Thursday, September 14, 2017

Obligations and Taboo

The ultimate goals of an intimate relationship, according to Jeske, is that they must preserve individual autonomy and he moral significance of that relationship. It is quite easy to see how this plays out during the movie. The main character, Stella, has trouble with her own familial obligations. She struggled with whether her relationship with Winston was truly right and how it played a role in her own life. She voluntarily chose him, but as the movie goes on, she cannot get over the stereotypes of his age. Stella embodied the worry that voluntarist that Jeske mentions. When Winston tried to leave, she finally realized that, “genuine intimacy cannot be coerced” (Jeske, 441).
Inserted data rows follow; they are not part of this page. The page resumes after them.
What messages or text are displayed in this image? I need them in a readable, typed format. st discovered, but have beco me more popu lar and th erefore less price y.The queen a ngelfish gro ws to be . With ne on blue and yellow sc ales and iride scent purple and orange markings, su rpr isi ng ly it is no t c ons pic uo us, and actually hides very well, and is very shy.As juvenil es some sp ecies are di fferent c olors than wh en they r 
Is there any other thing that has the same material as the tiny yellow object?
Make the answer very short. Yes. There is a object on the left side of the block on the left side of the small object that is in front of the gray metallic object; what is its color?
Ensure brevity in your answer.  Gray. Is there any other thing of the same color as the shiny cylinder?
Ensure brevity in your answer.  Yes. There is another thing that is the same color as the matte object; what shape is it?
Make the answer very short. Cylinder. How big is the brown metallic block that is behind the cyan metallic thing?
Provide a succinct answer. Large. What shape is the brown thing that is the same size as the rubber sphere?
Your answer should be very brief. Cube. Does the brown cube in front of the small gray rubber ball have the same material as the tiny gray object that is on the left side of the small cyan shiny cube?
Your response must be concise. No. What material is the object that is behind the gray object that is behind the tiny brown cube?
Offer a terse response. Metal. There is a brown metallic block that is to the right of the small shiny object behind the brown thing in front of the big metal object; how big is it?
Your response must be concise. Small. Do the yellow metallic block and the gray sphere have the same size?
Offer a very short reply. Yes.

This sudden realization that he was willing to let her go for her own goals assured her that their love was genuine, so the worries disappeared. This movie also depicted a huge struggle between her familial obligations. She was obligated to see to the well-being of her son and her siblings. To her, being with Winston violated those, and that was the main struggle in the movie.

However, the age difference led me to a very specific question: Can age difference be approved of according to special obligations in the family and intimate relationship? For this movie, there was a 20-year age gap. These two age groups truly see, to draw on previous posts, two fairly different reality of the world. The experience of a 20-year-old does not amount to that of a 40-year-old. In terms of intimate obligations, the age gap could definitely impose on individual autonomy and moral significance. For the first, the older one in the relationship might not see the potential in a younger person, which easily violates autonomy. As for the older one in the relationship, the younger one could be imposing on their own life goals. The whole “right or wrong” aspect of the age difference also imposes on the moral significance.

As for familial obligations, it is hard to deny how strong of an impact it can make. While Jeske does argue that family should not expect a child to reciprocate money spent on taking care of them, it is hard for anyone to escape that. The parents of the younger one would want their child to excel for their own benefit. As for the older one, the parents might be shocked and insistent that the younger one is a “gold digger.” Still, these are not reasons that Jeske would say make up familial obligations. She insists that the special obligations of family could mean promoting well-being. So, if the couple is happy despite the age difference, the family should just let them be for their own sakes.


Do you think familial obligations that Jeske alluded to point to slight approval of age difference (not saying Jeske does but more so the interpretation)? Or do you think the age difference could violate what Jeske constitutes as relationship obligations? Which one, to you, is the strongest for an argument for or against age differences in relationships?

1 comment:

  1. Very good post Destiny!

    To answer your question: I don't see how age difference would violate what Jeske constitutes as relationship obligations. As you point out, Winston truly loves Stella. He is willing to make sacrifices for her well-being. As Jeske, would put it (probably better than I), he is actively participating in promoting a healthy relationship. He is fulfilling his obligation towards her, not compromising them.